Of course, pharmacologic management is necessary in the treatment of eosinophilic esophagitis. However, the inclusion of montelukast in the standard first-line regimen for eosinophilic esophagitis is not yet a firmly established practice. Not all eosinophilia can be equated to allergy, and not all allergic inflammation is leukotriene-dependent. Furthermore, too little is known about the secondary effects of leukotrienes on immune regulation and whether their blockade is really desirable in eosinophilic esophagitis. But it is known that leukotriene receptor antagonists, especially montelukast, can trigger Churg-Strauss vasculitis, a syndrome whose eosinophil activation, homing pattern, and subsequent proliferation—as well as its exclusive prevalence in allergic patients with asthma and chronic sinusitis—bear some similarity to those of eosinophilic esophagitis.

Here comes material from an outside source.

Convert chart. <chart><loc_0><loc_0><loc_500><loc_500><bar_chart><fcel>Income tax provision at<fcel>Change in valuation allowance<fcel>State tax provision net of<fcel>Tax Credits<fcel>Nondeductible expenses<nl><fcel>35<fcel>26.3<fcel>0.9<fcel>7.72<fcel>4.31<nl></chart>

To the Editor: In the February 2015 issue of Cleveland Clinic Journal of Medicine, Dr. David A. Katzka reviewed the major clinical features of eosinophilic esophagitis and, having presented its allergic component, rightly assessed the inherent difficulties of detecting and eliminating food allergens involved in the development and course of this disease.¹ The inadequacies of serologic testing were mentioned, as well as the difficulties of endoscopy and biopsy “painstakingly performed with the removal and reintroduction of every suspected food allergen, requiring multiple biopsies weekly, which is impractical for safety and economic reasons.”¹

In a meta-analysis, Arias et al² showed that such an individualized approach for each food is not really necessary. Elemental diets with graded reintroduction of grouped foods were effective in detecting and treating the responsible food allergies in 90.8% of cases (95% confidence interval [CI] 84.7–95.5). In fact, the more pragmatic, simple, and inexpensive six-food-elimination diet was also reasonably effective (72.1% of cases, 95% CI 65.8–78.1). Both outcomes are far superior to elimination strategies directed at immunoglobulin E (IgE), which were effective in only 45.5% of cases (95% CI 35.4–55.7%).²

Franciosi and Liacouras³ described a practical and comprehensive elimination-reintroduction protocol consisting of four steps that, in combination with symptom diaries, can easily identify responsible foods.

In our practice, graded elimination-reintroduction diets—which, depending on history, may range from the basic six-food-elimination diet to the fully developed Franciosi-Liacouras protocol—along with food IgE testing and judicial use of IgG testing against selected foods, have yielded detection and successful treatment rates comparable to the 90.8% rate reported by Arias et al.² Upon identification of food allergens, a dual approach of diet restrictions and food immunotherapy is initiated. As a result of this approach, patients only need to undergo a single endoscopy and biopsy to demonstrate decreased eosinophil counts, usually 1 year after initiation of allergy treatment.

Of course, pharmacologic management is necessary in the treatment of eosinophilic esophagitis. However, the inclusion of montelukast in the standard first-line regimen for eosinophilic esophagitis is not yet a firmly established practice. Not all eosinophilia can be equated to allergy, and not all allergic inflammation is leukotriene-dependent. Furthermore, too little is known about the secondary effects of leukotrienes on immune regulation and whether their blockade is really desirable in eosinophilic esophagitis. But it is known that leukotriene receptor antagonists, especially montelukast, can trigger Churg-Strauss vasculitis, a syndrome whose eosinophil activation, homing pattern, and subsequent proliferation—as well as its exclusive prevalence in allergic patients with asthma and chronic sinusitis—bear some similarity to those of eosinophilic esophagitis.